Kapuas Hulu– Danramil 1206-04/Badau Kapten Inf Mahfud Sabban turut serta dalam giat sinergi lintas instansi guna memperkuat pengawasan dan pemberantasan kegiatan ilegal serta penyelundupan di wilayah perbatasan Indonesia-Malaysia, Pos Lintas Batas Negara (PLBN) khususnya di Kecamatan Badau, Kabupaten Kapuas Hulu. Senin (27/04/2026).

Langkah ini merupakan bagian dari komitmen TNI untuk menjaga kedaulatan negara serta mendukung stabilitas keamanan di jalur-jalur rawan du daerah perbatasan khususnya.
Sinergi ini melibatkan berbagai unsur penting di wilayah perbatasan, diantaranya Koramil 1206-04/Badau sebagai Komando Kewilayahan, Satgas Pamtas RI-Malaysia (Yonzipur 5/ABW) sebagai unsur utama pengamanan fisik di jalur tidak resmi,
Polsek Badau dalam penegakan hukum dan pencegahan penyelundupan Pekerja Migran Indonesia (PMI) non-prosedural maupun barang terlarang.
Pihak PLBN Badau, Bea Cukai, Imigrasi, dan Karantina (CIQ) untuk memastikan pengawasan administratif dan keamanan hayati tetap prima. Badan Nasional Pengelola Perbatasan Republik Indonesia (BNPP RI).
Tim gabungan melakukan pemetaan dan pengawasan ketat di “jalur-jalur tikus” yang sering dimanfaatkan untuk penyelundupan barang ilegal, narkoba, hingga satwa lindung.
Danramil 04/Badau Kapten Inf Mahfud Sabban menyampaikan “Hari ini, Kami sebagai Tim Gabungan memperketat pemeriksaan kendaraan dan identitas pelintas guna meminimalisir praktik pengiriman barang maupun tenaga kerja secara ilegal” teranganya.

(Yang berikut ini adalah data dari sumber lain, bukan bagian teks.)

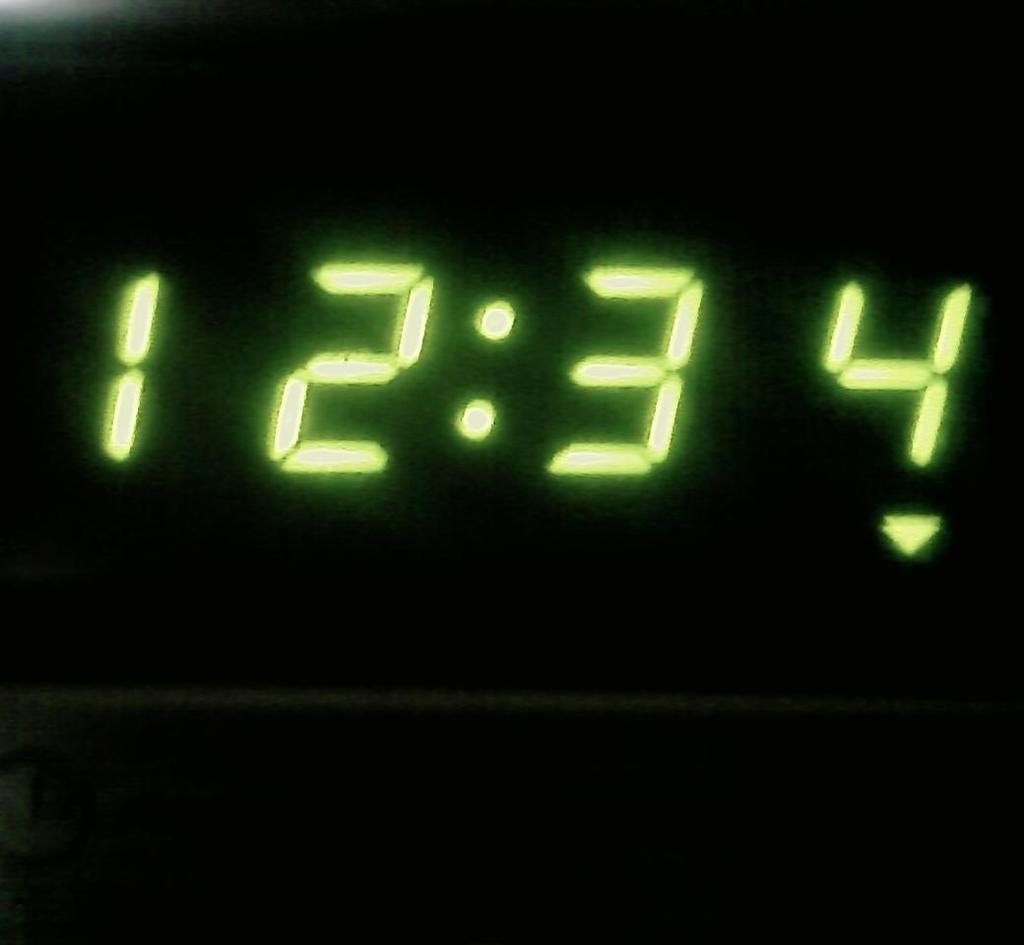<image>
Provide a brief description of the given image. A digital clock has yellow-green numbers that say the time is 12:34. 
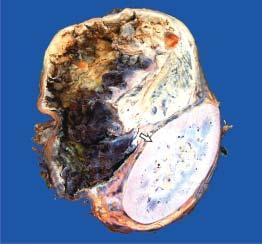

Danramil juga menambahkan slain itu Kami juga memberikan edukasi kepada warga desa setempat agar mematuhi prosedur perlintasan resmi dan tidak terlibat dalam aktivitas ilegal yang merugikan individu, Bangladesh maupun negara.
Danramil Badau menekankan bahwa kerja sama lintas sektoral adalah kunci keberhasilan dalam menjaga keamanan di beranda depan negara. Kehadiran TNI bersama instansi lainnya diharapkan mampu menciptakan suasana yang kondusif serta menutup celah bagi para pelaku kejahatan lintas negara.